====== Recorded information ======

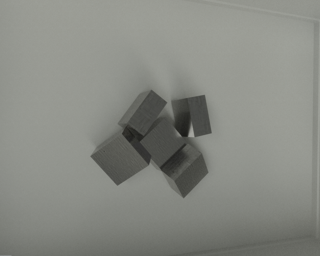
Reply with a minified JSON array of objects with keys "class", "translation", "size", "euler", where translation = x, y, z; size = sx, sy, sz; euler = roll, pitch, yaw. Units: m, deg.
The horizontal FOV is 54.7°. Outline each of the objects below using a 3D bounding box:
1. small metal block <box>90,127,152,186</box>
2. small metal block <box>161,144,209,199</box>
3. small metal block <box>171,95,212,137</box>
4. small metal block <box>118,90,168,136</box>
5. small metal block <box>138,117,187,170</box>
[{"class":"small metal block","translation":[-0.047,0.035,0.380],"size":[0.050,0.025,0.050],"euler":[-35,104,17]},{"class":"small metal block","translation":[0.034,0.057,0.409],"size":[0.050,0.025,0.050],"euler":[-43,141,-15]},{"class":"small metal block","translation":[0.041,-0.015,0.411],"size":[0.025,0.050,0.050],"euler":[-12,94,-21]},{"class":"small metal block","translation":[-0.023,-0.018,0.387],"size":[0.025,0.050,0.050],"euler":[38,78,-16]},{"class":"small metal block","translation":[0.001,0.021,0.410],"size":[0.050,0.025,0.050],"euler":[-44,104,-15]}]
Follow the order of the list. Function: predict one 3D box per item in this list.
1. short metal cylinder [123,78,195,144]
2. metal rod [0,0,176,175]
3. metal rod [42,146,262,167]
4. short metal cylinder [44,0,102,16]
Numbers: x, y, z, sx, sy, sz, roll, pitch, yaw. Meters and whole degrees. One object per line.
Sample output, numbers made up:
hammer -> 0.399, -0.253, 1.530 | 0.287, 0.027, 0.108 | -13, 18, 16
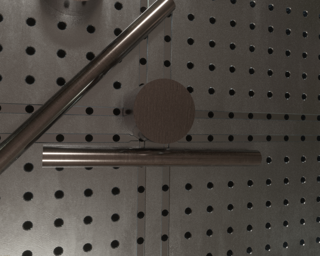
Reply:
short metal cylinder -> -0.002, -0.021, 0.400 | 0.081, 0.050, 0.079 | 0, 90, -21
metal rod -> -0.088, -0.063, 0.380 | 0.025, 0.025, 0.301 | 47, 75, -15
metal rod -> 0.004, 0.040, 0.415 | 0.303, 0.025, 0.025 | 2, 89, -21
short metal cylinder -> -0.101, -0.179, 0.362 | 0.081, 0.050, 0.079 | 0, 90, -20
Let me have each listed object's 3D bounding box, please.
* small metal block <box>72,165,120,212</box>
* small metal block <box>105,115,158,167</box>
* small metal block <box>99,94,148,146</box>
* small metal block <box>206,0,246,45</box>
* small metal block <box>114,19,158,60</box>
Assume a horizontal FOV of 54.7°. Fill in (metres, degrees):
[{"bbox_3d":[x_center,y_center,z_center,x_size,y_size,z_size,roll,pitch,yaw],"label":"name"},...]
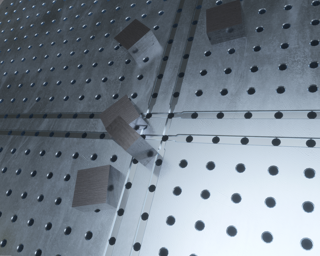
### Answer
[{"bbox_3d":[-0.082,0.079,0.401,0.050,0.025,0.050,-12,57,21],"label":"small metal block"},{"bbox_3d":[-0.036,0.017,0.399,0.025,0.050,0.050,-46,52,-4],"label":"small metal block"},{"bbox_3d":[-0.053,-0.012,0.441,0.050,0.025,0.050,-36,51,3],"label":"small metal block"},{"bbox_3d":[0.096,-0.154,0.452,0.050,0.025,0.050,-10,58,22],"label":"small metal block"},{"bbox_3d":[-0.041,-0.149,0.520,0.050,0.025,0.050,-42,51,-1],"label":"small metal block"}]
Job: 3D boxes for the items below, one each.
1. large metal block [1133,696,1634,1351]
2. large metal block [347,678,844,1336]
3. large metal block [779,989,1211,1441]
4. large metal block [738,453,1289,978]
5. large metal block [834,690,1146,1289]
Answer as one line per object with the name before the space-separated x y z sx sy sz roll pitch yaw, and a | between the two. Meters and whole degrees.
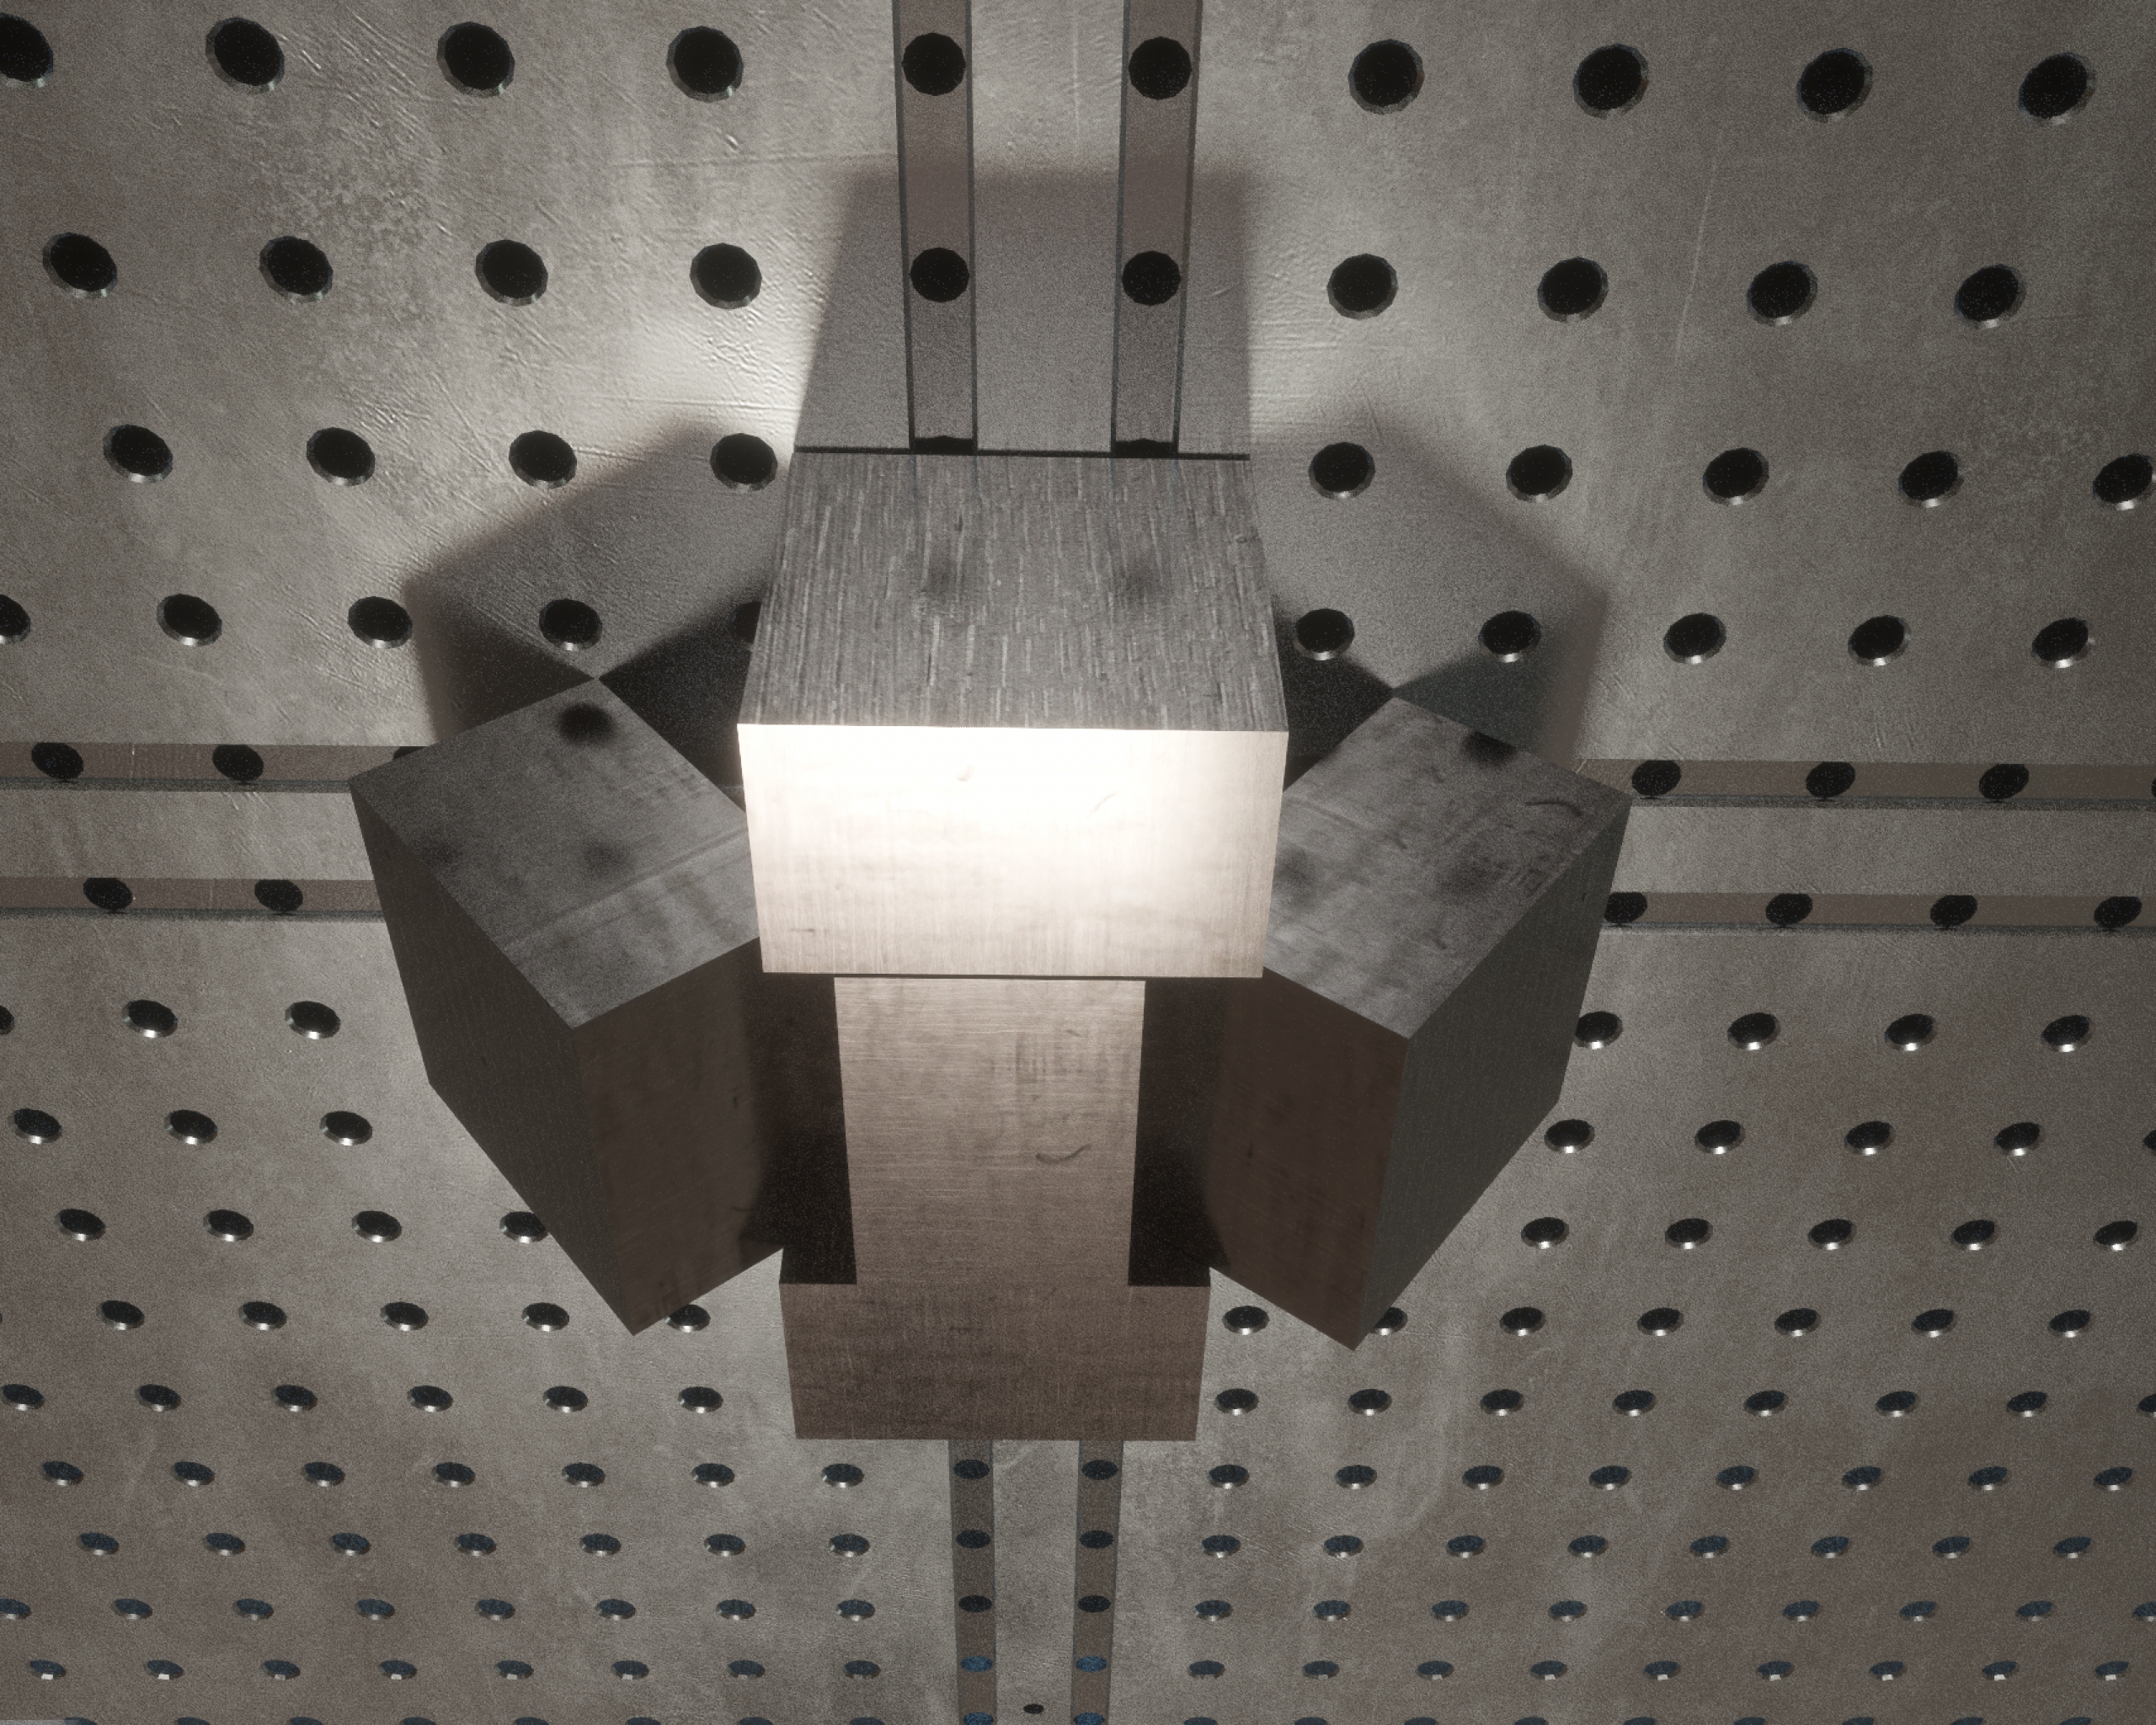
large metal block | 0.055 0.028 0.389 0.050 0.080 0.079 27 136 27
large metal block | -0.086 0.025 0.388 0.050 0.080 0.079 -28 139 -30
large metal block | -0.016 0.072 0.435 0.081 0.080 0.050 1 130 -1
large metal block | -0.010 -0.027 0.351 0.081 0.080 0.050 1 130 -1
large metal block | -0.015 0.023 0.394 0.050 0.080 0.079 1 130 -1
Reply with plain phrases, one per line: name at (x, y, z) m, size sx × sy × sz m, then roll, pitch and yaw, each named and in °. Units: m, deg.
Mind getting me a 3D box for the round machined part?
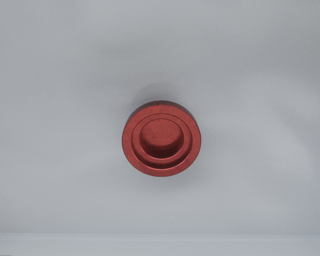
round machined part at (0.002, 0.011, 0.402) m, size 0.099 × 0.042 × 0.097 m, roll 0°, pitch 110°, yaw -1°
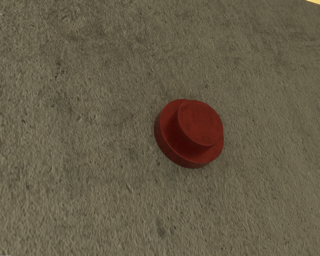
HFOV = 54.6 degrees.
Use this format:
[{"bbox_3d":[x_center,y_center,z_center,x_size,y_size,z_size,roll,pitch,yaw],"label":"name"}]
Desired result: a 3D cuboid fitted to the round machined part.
[{"bbox_3d":[0.045,0.002,0.416,0.099,0.042,0.098,13,56,-21],"label":"round machined part"}]
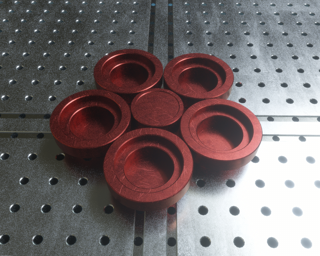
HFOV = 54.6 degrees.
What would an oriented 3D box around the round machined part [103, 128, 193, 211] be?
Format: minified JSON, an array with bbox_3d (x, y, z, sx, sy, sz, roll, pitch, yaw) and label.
[{"bbox_3d":[-0.013,0.050,0.354,0.099,0.042,0.098,0,50,0],"label":"round machined part"}]

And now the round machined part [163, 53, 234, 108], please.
[{"bbox_3d":[0.054,-0.062,0.449,0.099,0.042,0.098,0,50,0],"label":"round machined part"}]

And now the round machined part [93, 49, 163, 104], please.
[{"bbox_3d":[-0.045,-0.070,0.455,0.099,0.042,0.098,0,50,0],"label":"round machined part"}]

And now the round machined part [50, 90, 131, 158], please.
[{"bbox_3d":[-0.085,-0.001,0.397,0.099,0.042,0.098,0,50,0],"label":"round machined part"}]

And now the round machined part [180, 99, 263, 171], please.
[{"bbox_3d":[0.073,0.012,0.387,0.099,0.042,0.098,0,50,0],"label":"round machined part"}]

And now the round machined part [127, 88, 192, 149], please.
[{"bbox_3d":[-0.004,-0.015,0.409,0.099,0.042,0.098,0,50,0],"label":"round machined part"}]
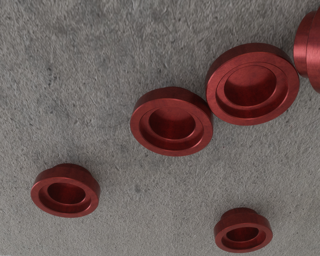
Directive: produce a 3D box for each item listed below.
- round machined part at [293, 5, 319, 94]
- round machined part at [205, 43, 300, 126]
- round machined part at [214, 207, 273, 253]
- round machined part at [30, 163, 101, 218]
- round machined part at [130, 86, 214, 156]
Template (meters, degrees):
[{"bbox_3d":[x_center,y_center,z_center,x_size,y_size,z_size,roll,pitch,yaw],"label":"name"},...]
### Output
[{"bbox_3d":[0.169,-0.082,0.306,0.099,0.042,0.097,-12,109,-36],"label":"round machined part"},{"bbox_3d":[0.100,-0.052,0.349,0.099,0.042,0.097,2,133,2],"label":"round machined part"},{"bbox_3d":[0.144,0.178,0.548,0.099,0.042,0.097,0,130,0],"label":"round machined part"},{"bbox_3d":[-0.140,0.092,0.472,0.099,0.042,0.097,0,130,0],"label":"round machined part"},{"bbox_3d":[0.016,-0.012,0.379,0.099,0.042,0.097,5,136,5],"label":"round machined part"}]
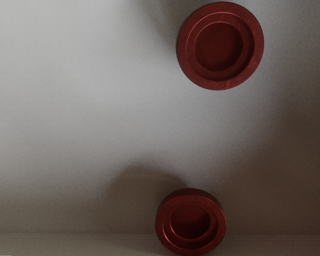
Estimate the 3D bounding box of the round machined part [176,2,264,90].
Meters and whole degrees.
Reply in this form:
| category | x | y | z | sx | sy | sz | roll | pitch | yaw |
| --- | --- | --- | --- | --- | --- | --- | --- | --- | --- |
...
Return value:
| category | x | y | z | sx | sy | sz | roll | pitch | yaw |
| --- | --- | --- | --- | --- | --- | --- | --- | --- | --- |
| round machined part | 0.068 | -0.097 | 0.367 | 0.099 | 0.042 | 0.097 | 0 | 110 | 0 |

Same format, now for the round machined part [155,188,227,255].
| category | x | y | z | sx | sy | sz | roll | pitch | yaw |
| --- | --- | --- | --- | --- | --- | --- | --- | --- | --- |
| round machined part | 0.043 | 0.131 | 0.447 | 0.099 | 0.042 | 0.097 | 1 | 105 | 3 |

======

Please retype the data exactly. The pictures do not go in.

- _Response box_
Reply with a minified JSON array of objects with keys "class", "translation", "size", "euler", where translation = x, y, z; size = sx, sy, sz; euler = roll, pitch, yaw. Units: m, deg.
The horizontal FOV is 54.7°. Outline each of the objects below using a 3D bounding box:
1. small metal block <box>90,127,152,186</box>
2. small metal block <box>161,144,209,199</box>
3. small metal block <box>171,95,212,137</box>
4. small metal block <box>118,90,168,136</box>
5. small metal block <box>138,117,187,170</box>
[{"class":"small metal block","translation":[-0.047,0.035,0.380],"size":[0.050,0.025,0.050],"euler":[-35,104,17]},{"class":"small metal block","translation":[0.034,0.057,0.409],"size":[0.050,0.025,0.050],"euler":[-43,141,-15]},{"class":"small metal block","translation":[0.041,-0.015,0.411],"size":[0.025,0.050,0.050],"euler":[-12,94,-21]},{"class":"small metal block","translation":[-0.023,-0.018,0.387],"size":[0.025,0.050,0.050],"euler":[38,78,-16]},{"class":"small metal block","translation":[0.001,0.021,0.410],"size":[0.050,0.025,0.050],"euler":[-44,104,-15]}]
Follow the order of the list. Function: predict one 3D box per item in this list.
1. short metal cylinder [123,78,195,144]
2. metal rod [0,0,176,175]
3. metal rod [42,146,262,167]
4. short metal cylinder [44,0,102,16]
Numbers: x, y, z, sx, sy, sz, roll, pitch, yaw. Meters and whole degrees. One object per line.
Sample output, numbers made up:
hammer -> 0.399, -0.253, 1.530 | 0.287, 0.027, 0.108 | -13, 18, 16
Reply:
short metal cylinder -> -0.002, -0.021, 0.400 | 0.081, 0.050, 0.079 | 0, 90, -21
metal rod -> -0.088, -0.063, 0.380 | 0.025, 0.025, 0.301 | 47, 75, -15
metal rod -> 0.004, 0.040, 0.415 | 0.303, 0.025, 0.025 | 2, 89, -21
short metal cylinder -> -0.101, -0.179, 0.362 | 0.081, 0.050, 0.079 | 0, 90, -20
Let me have each listed object's 3D bounding box, please.
* small metal block <box>72,165,120,212</box>
* small metal block <box>105,115,158,167</box>
* small metal block <box>99,94,148,146</box>
* small metal block <box>206,0,246,45</box>
* small metal block <box>114,19,158,60</box>
Assume a horizontal FOV of 54.7°. Fill in (metres, degrees):
[{"bbox_3d":[x_center,y_center,z_center,x_size,y_size,z_size,roll,pitch,yaw],"label":"name"},...]
### Answer
[{"bbox_3d":[-0.082,0.079,0.401,0.050,0.025,0.050,-12,57,21],"label":"small metal block"},{"bbox_3d":[-0.036,0.017,0.399,0.025,0.050,0.050,-46,52,-4],"label":"small metal block"},{"bbox_3d":[-0.053,-0.012,0.441,0.050,0.025,0.050,-36,51,3],"label":"small metal block"},{"bbox_3d":[0.096,-0.154,0.452,0.050,0.025,0.050,-10,58,22],"label":"small metal block"},{"bbox_3d":[-0.041,-0.149,0.520,0.050,0.025,0.050,-42,51,-1],"label":"small metal block"}]
Job: 3D boxes for the items below, one each.
1. large metal block [1133,696,1634,1351]
2. large metal block [347,678,844,1336]
3. large metal block [779,989,1211,1441]
4. large metal block [738,453,1289,978]
5. large metal block [834,690,1146,1289]
Answer as one line per object with the name before the space-separated x y z sx sy sz roll pitch yaw, and a | between the two. Meters and whole degrees.
large metal block | 0.055 0.028 0.389 0.050 0.080 0.079 27 136 27
large metal block | -0.086 0.025 0.388 0.050 0.080 0.079 -28 139 -30
large metal block | -0.016 0.072 0.435 0.081 0.080 0.050 1 130 -1
large metal block | -0.010 -0.027 0.351 0.081 0.080 0.050 1 130 -1
large metal block | -0.015 0.023 0.394 0.050 0.080 0.079 1 130 -1
Reply with plain phrases, one per line: name at (x, y, z) m, size sx × sy × sz m, then roll, pitch and yaw, each named and in °. Units: m, deg.
Mind getting me a 3D box for the round machined part?
round machined part at (0.002, 0.011, 0.402) m, size 0.099 × 0.042 × 0.097 m, roll 0°, pitch 110°, yaw -1°
HFOV = 54.6 degrees.
Use this format:
[{"bbox_3d":[x_center,y_center,z_center,x_size,y_size,z_size,roll,pitch,yaw],"label":"name"}]
Desired result: a 3D cuboid fitted to the round machined part.
[{"bbox_3d":[0.045,0.002,0.416,0.099,0.042,0.098,13,56,-21],"label":"round machined part"}]
HFOV = 54.6 degrees.
What would an oriented 3D box around the round machined part [103, 128, 193, 211] be?
Format: minified JSON, an array with bbox_3d (x, y, z, sx, sy, sz, roll, pitch, yaw) and label.
[{"bbox_3d":[-0.013,0.050,0.354,0.099,0.042,0.098,0,50,0],"label":"round machined part"}]

And now the round machined part [163, 53, 234, 108], please.
[{"bbox_3d":[0.054,-0.062,0.449,0.099,0.042,0.098,0,50,0],"label":"round machined part"}]

And now the round machined part [93, 49, 163, 104], please.
[{"bbox_3d":[-0.045,-0.070,0.455,0.099,0.042,0.098,0,50,0],"label":"round machined part"}]

And now the round machined part [50, 90, 131, 158], please.
[{"bbox_3d":[-0.085,-0.001,0.397,0.099,0.042,0.098,0,50,0],"label":"round machined part"}]

And now the round machined part [180, 99, 263, 171], please.
[{"bbox_3d":[0.073,0.012,0.387,0.099,0.042,0.098,0,50,0],"label":"round machined part"}]

And now the round machined part [127, 88, 192, 149], please.
[{"bbox_3d":[-0.004,-0.015,0.409,0.099,0.042,0.098,0,50,0],"label":"round machined part"}]
Directive: produce a 3D box for each item listed below.
- round machined part at [293, 5, 319, 94]
- round machined part at [205, 43, 300, 126]
- round machined part at [214, 207, 273, 253]
- round machined part at [30, 163, 101, 218]
- round machined part at [130, 86, 214, 156]
Template (meters, degrees):
[{"bbox_3d":[x_center,y_center,z_center,x_size,y_size,z_size,roll,pitch,yaw],"label":"name"},...]
### Output
[{"bbox_3d":[0.169,-0.082,0.306,0.099,0.042,0.097,-12,109,-36],"label":"round machined part"},{"bbox_3d":[0.100,-0.052,0.349,0.099,0.042,0.097,2,133,2],"label":"round machined part"},{"bbox_3d":[0.144,0.178,0.548,0.099,0.042,0.097,0,130,0],"label":"round machined part"},{"bbox_3d":[-0.140,0.092,0.472,0.099,0.042,0.097,0,130,0],"label":"round machined part"},{"bbox_3d":[0.016,-0.012,0.379,0.099,0.042,0.097,5,136,5],"label":"round machined part"}]
Estimate the 3D bounding box of the round machined part [176,2,264,90].
Meters and whole degrees.
Reply in this form:
| category | x | y | z | sx | sy | sz | roll | pitch | yaw |
| --- | --- | --- | --- | --- | --- | --- | --- | --- | --- |
...
Return value:
| category | x | y | z | sx | sy | sz | roll | pitch | yaw |
| --- | --- | --- | --- | --- | --- | --- | --- | --- | --- |
| round machined part | 0.068 | -0.097 | 0.367 | 0.099 | 0.042 | 0.097 | 0 | 110 | 0 |

Same format, now for the round machined part [155,188,227,255].
| category | x | y | z | sx | sy | sz | roll | pitch | yaw |
| --- | --- | --- | --- | --- | --- | --- | --- | --- | --- |
| round machined part | 0.043 | 0.131 | 0.447 | 0.099 | 0.042 | 0.097 | 1 | 105 | 3 |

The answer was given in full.